A couple of notes here:
- Your
map
is actually only computing a single element:) That’s why it’s significantly faster.map
andbroadcast
have different behavior when the arguments are of different shapes:map
I believe falls back to the smallest common size, e.g. in this case it’s 1, so it will only call the function once, whilebroadcast
will do what you want. - When using BenchmarkTools.jl, you need to use interpolation to ensure that you’re not seeing performance decrease because of scoping issues and whatnot.
- If-statements within the function you’re broadcasting over really hampers performance. In the case of
StatsFuns.normlogdf
there are two versions of the method: 1) takes mean, std, and value, from which it computes the z-value and then finally the logpdf, 2) takes the z-value directly and computes logpdf. In (1) there are some if-statements while in (2) there are none. As a result, (2) will be muuuuch faster when broadcasted/vectorized. - Tullio.jl can’t derive the gradients automatically when the RHS include “complex” function calls, e.g.
StatsFuns.normlogpdf
. So in this particular case you probably shouldn’t use it.

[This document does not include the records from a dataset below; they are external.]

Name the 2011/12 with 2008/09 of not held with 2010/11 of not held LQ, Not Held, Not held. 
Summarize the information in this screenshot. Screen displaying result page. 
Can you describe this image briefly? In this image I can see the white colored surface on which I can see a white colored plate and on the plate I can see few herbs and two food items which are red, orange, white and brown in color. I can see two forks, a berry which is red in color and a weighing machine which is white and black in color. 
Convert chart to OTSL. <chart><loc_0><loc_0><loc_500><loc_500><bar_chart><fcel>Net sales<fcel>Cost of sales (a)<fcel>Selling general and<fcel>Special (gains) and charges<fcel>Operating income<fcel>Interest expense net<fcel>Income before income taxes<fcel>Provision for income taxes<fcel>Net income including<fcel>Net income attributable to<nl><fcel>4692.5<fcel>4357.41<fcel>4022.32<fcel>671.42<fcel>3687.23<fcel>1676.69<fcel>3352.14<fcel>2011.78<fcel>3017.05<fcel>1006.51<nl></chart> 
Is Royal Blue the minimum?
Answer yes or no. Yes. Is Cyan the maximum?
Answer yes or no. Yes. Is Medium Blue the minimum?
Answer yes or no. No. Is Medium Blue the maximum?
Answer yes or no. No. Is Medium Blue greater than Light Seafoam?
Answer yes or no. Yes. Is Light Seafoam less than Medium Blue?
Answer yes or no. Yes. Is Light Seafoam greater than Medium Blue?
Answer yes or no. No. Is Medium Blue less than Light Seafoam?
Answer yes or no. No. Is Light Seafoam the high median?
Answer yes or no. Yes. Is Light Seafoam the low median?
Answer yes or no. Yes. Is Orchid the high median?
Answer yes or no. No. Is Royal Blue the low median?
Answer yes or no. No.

All in all, your example should be something like:
using Tullio, CUDA
X = rand(960*950);
Y = rand(960*950);
sig = 1.0
f(X, Y, sig) = sum(StatsFuns.normlogpdf.(X, sig, Y))
g(X, Y, sig) = @tullio lp = StatsFuns.normlogpdf(X[i], sig, Y[i])
@benchmark $f($X, $Y, $sig)
# BenchmarkTools.Trial:
# memory estimate: 6.96 MiB
# allocs estimate: 2
# --------------
# minimum time: 6.359 ms (0.00% GC)
# median time: 6.662 ms (0.00% GC)
# mean time: 6.847 ms (1.98% GC)
# maximum time: 11.060 ms (23.53% GC)
# --------------
# samples: 730
# evals/sample: 1
@benchmark $g($X, $Y, $sig)
# BenchmarkTools.Trial:
# memory estimate: 128 bytes
# allocs estimate: 5
# --------------
# minimum time: 6.571 ms (0.00% GC)
# median time: 6.799 ms (0.00% GC)
# mean time: 6.821 ms (0.00% GC)
# maximum time: 8.835 ms (0.00% GC)
# --------------
# samples: 732
# evals/sample: 1
# Circumvent if-statements used in `StatsFuns.normlogpdf(::Number, ::Number, ::Number)`.
h(X, Y, sig) = sum(StatsFuns.normlogpdf.(Y - X / sig))
i(X, Y, sig) = @tullio (+) lp = StatsFuns.normlogpdf(Y[i] - X[i] / sig)
@benchmark $h($X, $Y, $sig)
# markTools.Trial:
# memory estimate: 20.87 MiB
# allocs estimate: 6
# --------------
# minimum time: 2.947 ms (0.00% GC)
# median time: 3.497 ms (0.00% GC)
# mean time: 4.436 ms (12.28% GC)
# maximum time: 13.297 ms (25.54% GC)
# --------------
# samples: 1123
# evals/sample: 1
@benchmark $i($X, $Y, $sig)
# BenchmarkTools.Trial:
# memory estimate: 128 bytes
# allocs estimate: 5
# --------------
# minimum time: 476.989 μs (0.00% GC)
# median time: 556.951 μs (0.00% GC)
# mean time: 562.737 μs (0.00% GC)
# maximum time: 999.113 μs (0.00% GC)
# --------------
# samples: 8765
# evals/sample: 1
But as mentioned above, you want gradients through it, so your best bet here is probably just to use h
in the above example. EDIT: Actually, it might work very nicely with ForwardDiff.jl? I just know that for reverse-rules then you can’t use “complex” function calls on the RHS.